APA Welcomes National Focus on Mental Health, Urges Evidence-Based Approach and Continued Focus on Access to Care
Washington, D.C., May 04, 2026 (GLOBE NEWSWIRE) — The American Psychiatric Association (APA) today issued the following statement in response to the U.S. Health and Human Services Administration Secretary’s announcement regarding mental health treatment.
“APA welcomes the attention placed squarely on the nation’s mental health crisis and is committed to advancing solutions that improve access to high-quality evidence-based care. We are supportive of the Administration’s plans for further investment in research and clinician training on the issues of prescribing and deprescribing.
“We also want to underscore an important point the Secretary made: there are many people for whom medications are important and lifesaving, and patients should not take themselves off medication without first consulting their physician.
“That being said, while APA supports efforts to improve the quality, safety, and evidence base of mental health treatment, we strongly object to framing the nation’s mental health crisis as primarily a problem of ‘overmedicalization’ or ‘overprescribing.’ That characterization oversimplifies a complex crisis and ignores the larger reality: too many patients cannot access timely, comprehensive care, while care remains unevenly distributed across our health system. It also fails to account for persistent workforce shortages, limited psychiatric beds, inadequate visit time, barriers to psychotherapy and social supports, insufficient integration of psychiatric expertise in primary care through the Collaborative Care model, and the lack of a true continuum of care.

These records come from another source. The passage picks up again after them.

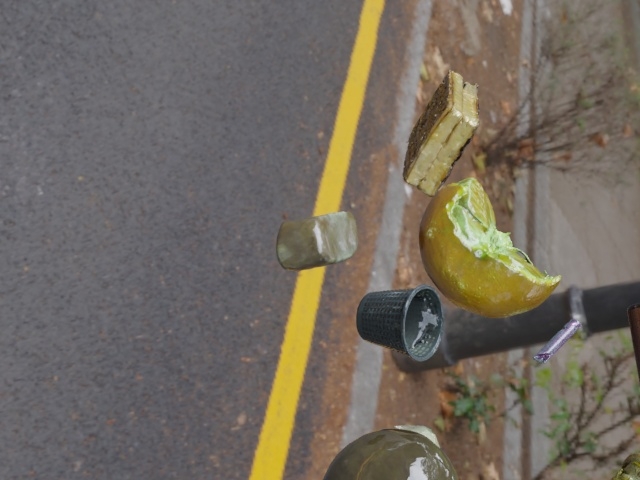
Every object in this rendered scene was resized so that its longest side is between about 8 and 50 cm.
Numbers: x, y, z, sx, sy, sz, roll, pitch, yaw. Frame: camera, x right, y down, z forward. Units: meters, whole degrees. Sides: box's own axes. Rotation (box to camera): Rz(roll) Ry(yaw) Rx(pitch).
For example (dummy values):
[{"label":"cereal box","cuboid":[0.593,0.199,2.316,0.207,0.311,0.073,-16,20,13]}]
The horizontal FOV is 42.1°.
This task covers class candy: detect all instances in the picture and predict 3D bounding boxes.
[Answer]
[{"label":"candy","cuboid":[0.000,0.000,1.639,0.234,0.104,0.102,-9,89,-69]}]

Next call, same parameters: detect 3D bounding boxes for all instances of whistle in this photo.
[{"label":"whistle","cuboid":[0.612,0.260,2.145,0.176,0.033,0.033,-36,110,-29]}]

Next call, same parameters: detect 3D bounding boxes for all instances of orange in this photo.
[{"label":"orange","cuboid":[0.245,0.025,1.307,0.237,0.158,0.179,51,11,11]}]

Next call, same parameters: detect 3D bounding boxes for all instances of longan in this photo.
[{"label":"longan","cuboid":[0.100,0.405,1.241,0.248,0.248,0.248,33,49,-49]}]

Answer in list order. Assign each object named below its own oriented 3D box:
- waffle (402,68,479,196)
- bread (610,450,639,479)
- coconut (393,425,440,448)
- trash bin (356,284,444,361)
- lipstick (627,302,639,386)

“Deprescribing alone is not a sufficient response to this crisis. In psychiatry, as in all areas of medicine, prescribing and deprescribing occur every day as part of individualized, evidence-based treatment planning between physicians and patients. The solution is not to stigmatize psychiatric medication or impose broad assumptions on clinical care, but to ensure that patients have access to the full range of evidence-based treatments and that decisions are guided by the best available science and each patient’s needs.
“The APA continues to:
- Be firmly committed to ensuring that patients have access to the full range of evidence-based treatments, including medication when clinically appropriate.
- Strongly support shared decision making between physicians and their patients to make individualized treatment decisions guided by the best available science.
- Support consistent standards for informed consent across all areas of medicine. Imposing a higher bar for informed consent for mental health treatment is stigmatizing and harms patients.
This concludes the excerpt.